Communication over HTTPS is private as a certificate is provided for the SSL port to encrypt connections. Only those with the certificate can properly decode any communication over the SSL port (of course, attackers could potentially decrypt communications but attacks are harder over HTTPS connections, thus HTTPS communications as present in our server is still considered private). Another important feature in our implementation that enhances HTTPS privacy is minimal information flow. The only paths that could possibly result in unexpected information flow are login and secret because that's where authentication is required. However, our server doesn't send any information back to client that they do not need. For example, when the client attempts to authenticate themselves and is not successful, the server doesn't specify why it the authentication was unsuccessful. This functionality is pruposely not enhanced as it means that we do not give the client any information that it does not absoluetly require. For example, client only needs to know that authentication was unsuccessful when requesting the login path and client is aware of this when server responds with 401 UNAUTHORIZED. Why authentication is unsuccessful is therefore potentially redundant for a server on such minimal scale. Same goes for secret path requests; the only information sent back to client if they try to access a page where authentication is required is a http response with status code 401: UNAUTHORIZED if authentication failed, otherwise 200 OK. Hence, no unexpected information flow is present in communications between our server and a client.
We use HTTP basic authentication to authenticate user.
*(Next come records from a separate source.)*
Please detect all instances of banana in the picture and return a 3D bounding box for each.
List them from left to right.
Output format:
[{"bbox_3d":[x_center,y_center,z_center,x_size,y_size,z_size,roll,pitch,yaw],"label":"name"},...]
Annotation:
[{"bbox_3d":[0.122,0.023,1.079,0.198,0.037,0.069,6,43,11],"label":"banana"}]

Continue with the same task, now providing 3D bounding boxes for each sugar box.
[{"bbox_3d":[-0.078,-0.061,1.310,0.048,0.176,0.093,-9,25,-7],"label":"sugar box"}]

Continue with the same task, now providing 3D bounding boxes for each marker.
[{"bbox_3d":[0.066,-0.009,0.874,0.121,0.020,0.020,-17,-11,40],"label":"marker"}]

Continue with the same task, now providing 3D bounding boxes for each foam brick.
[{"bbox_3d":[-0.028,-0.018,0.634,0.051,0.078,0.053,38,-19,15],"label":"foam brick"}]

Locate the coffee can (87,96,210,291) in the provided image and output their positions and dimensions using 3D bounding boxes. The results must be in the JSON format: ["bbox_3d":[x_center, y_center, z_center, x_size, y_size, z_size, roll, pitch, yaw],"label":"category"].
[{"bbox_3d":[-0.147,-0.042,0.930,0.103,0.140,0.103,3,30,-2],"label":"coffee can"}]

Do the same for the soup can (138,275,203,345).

However, HTTP basic authentication is not secure. This is because basic authentication is extremely vulnerable to packet sniffing, i.e. when network is monitored and information such as passwords can be decoded from it easily. This is due to the passwords being sent in base64 encoding which is easily converted to plaintext. Another issue with basic authentication is that passwords are repeatedly sent, f.x. when user is authenticated already he sends the authorization header along with their request each time he tries to accesses some URL that requires authentication. This implies that client caches the authentication, increasing the HTTP basic authentication's vulnerability.
Authentication over SSL is however much more secure. This is because when a connection is secured by SSL the communicaion becomes encrypted, making packet sniffing harder as not only the passwords need to be decrypted but the entire SSL traffic as well. Therefore it's necessary to allow secure authentication over SSL only. (However, basic authentication over SSL still has it's vulnerabilities such as passwords still being repeatedly sent between client and server meaning passwords potentially could eventually be decrypted, but is more secure than basic authentication over HTTP).